Aim of the exercise – Your answer must contain only the lines from the one containing "2. box (178, 138, 467, 357)" through the end of the entries below, reproduced character for character.

Data START

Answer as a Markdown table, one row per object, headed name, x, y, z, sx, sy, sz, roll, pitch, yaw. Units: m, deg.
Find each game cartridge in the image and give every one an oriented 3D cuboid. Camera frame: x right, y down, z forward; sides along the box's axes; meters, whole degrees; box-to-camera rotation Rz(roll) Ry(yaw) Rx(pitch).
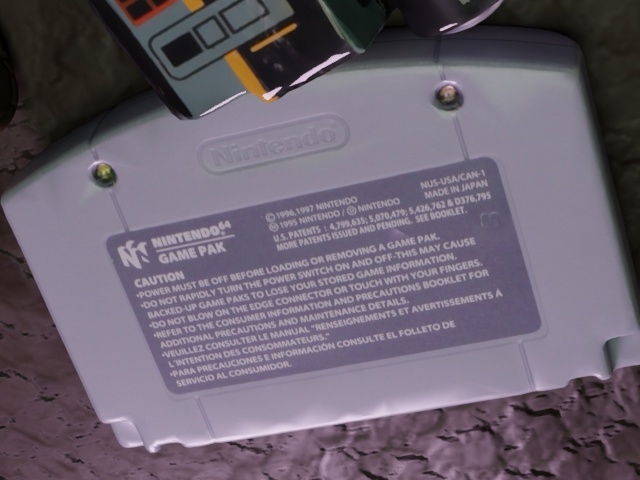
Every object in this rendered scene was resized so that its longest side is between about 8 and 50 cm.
| name | x | y | z | sx | sy | sz | roll | pitch | yaw |
| --- | --- | --- | --- | --- | --- | --- | --- | --- | --- |
| game cartridge | 0.000 | 0.000 | 0.675 | 0.294 | 0.060 | 0.196 | -11 | 120 | 16 |

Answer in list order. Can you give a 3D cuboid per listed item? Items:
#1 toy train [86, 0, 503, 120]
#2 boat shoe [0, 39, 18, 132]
| name | x | y | z | sx | sy | sz | roll | pitch | yaw |
| --- | --- | --- | --- | --- | --- | --- | --- | --- | --- |
| toy train | -0.061 | -0.203 | 0.529 | 0.190 | 0.142 | 0.334 | -25 | 112 | 33 |
| boat shoe | -0.215 | -0.128 | 0.638 | 0.072 | 0.068 | 0.190 | -4 | 119 | 26 |
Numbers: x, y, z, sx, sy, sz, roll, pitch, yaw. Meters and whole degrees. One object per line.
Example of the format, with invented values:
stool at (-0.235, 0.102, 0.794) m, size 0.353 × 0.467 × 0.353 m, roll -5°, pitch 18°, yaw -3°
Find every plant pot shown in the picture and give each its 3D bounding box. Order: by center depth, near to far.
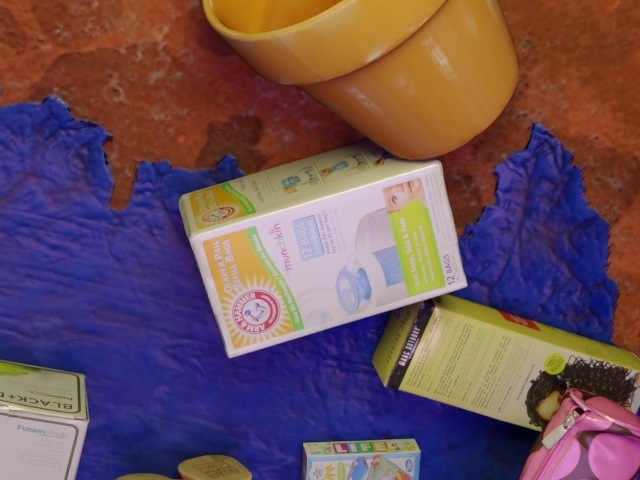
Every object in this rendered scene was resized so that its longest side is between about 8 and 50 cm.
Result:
plant pot at (0.049, -0.166, 1.061) m, size 0.205 × 0.205 × 0.188 m, roll -39°, pitch 128°, yaw 5°

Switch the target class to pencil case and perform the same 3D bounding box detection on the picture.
pencil case at (0.193, 0.225, 1.206) m, size 0.098 × 0.095 × 0.209 m, roll 19°, pitch 100°, yaw -55°

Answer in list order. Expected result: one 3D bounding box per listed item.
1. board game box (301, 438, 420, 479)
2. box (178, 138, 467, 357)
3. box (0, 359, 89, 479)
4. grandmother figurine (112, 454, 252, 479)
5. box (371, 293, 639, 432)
board game box at (0.033, 0.255, 1.295) m, size 0.104 × 0.026 × 0.154 m, roll -1°, pitch 111°, yaw -10°
box at (0.000, 0.000, 1.151) m, size 0.203 × 0.103 × 0.114 m, roll -16°, pitch 112°, yaw -4°
box at (-0.305, 0.242, 1.196) m, size 0.169 × 0.087 × 0.289 m, roll 11°, pitch 109°, yaw -14°
grandmother figurine at (-0.104, 0.365, 1.247) m, size 0.208 × 0.104 × 0.342 m, roll -6°, pitch 103°, yaw -27°
box at (0.169, 0.112, 1.249) m, size 0.232 × 0.058 × 0.087 m, roll 17°, pitch 106°, yaw -15°

Data END

Your response –
2. box (178, 138, 467, 357)
3. box (0, 359, 89, 479)
4. grandmother figurine (112, 454, 252, 479)
5. box (371, 293, 639, 432)
board game box at (0.033, 0.255, 1.295) m, size 0.104 × 0.026 × 0.154 m, roll -1°, pitch 111°, yaw -10°
box at (0.000, 0.000, 1.151) m, size 0.203 × 0.103 × 0.114 m, roll -16°, pitch 112°, yaw -4°
box at (-0.305, 0.242, 1.196) m, size 0.169 × 0.087 × 0.289 m, roll 11°, pitch 109°, yaw -14°
grandmother figurine at (-0.104, 0.365, 1.247) m, size 0.208 × 0.104 × 0.342 m, roll -6°, pitch 103°, yaw -27°
box at (0.169, 0.112, 1.249) m, size 0.232 × 0.058 × 0.087 m, roll 17°, pitch 106°, yaw -15°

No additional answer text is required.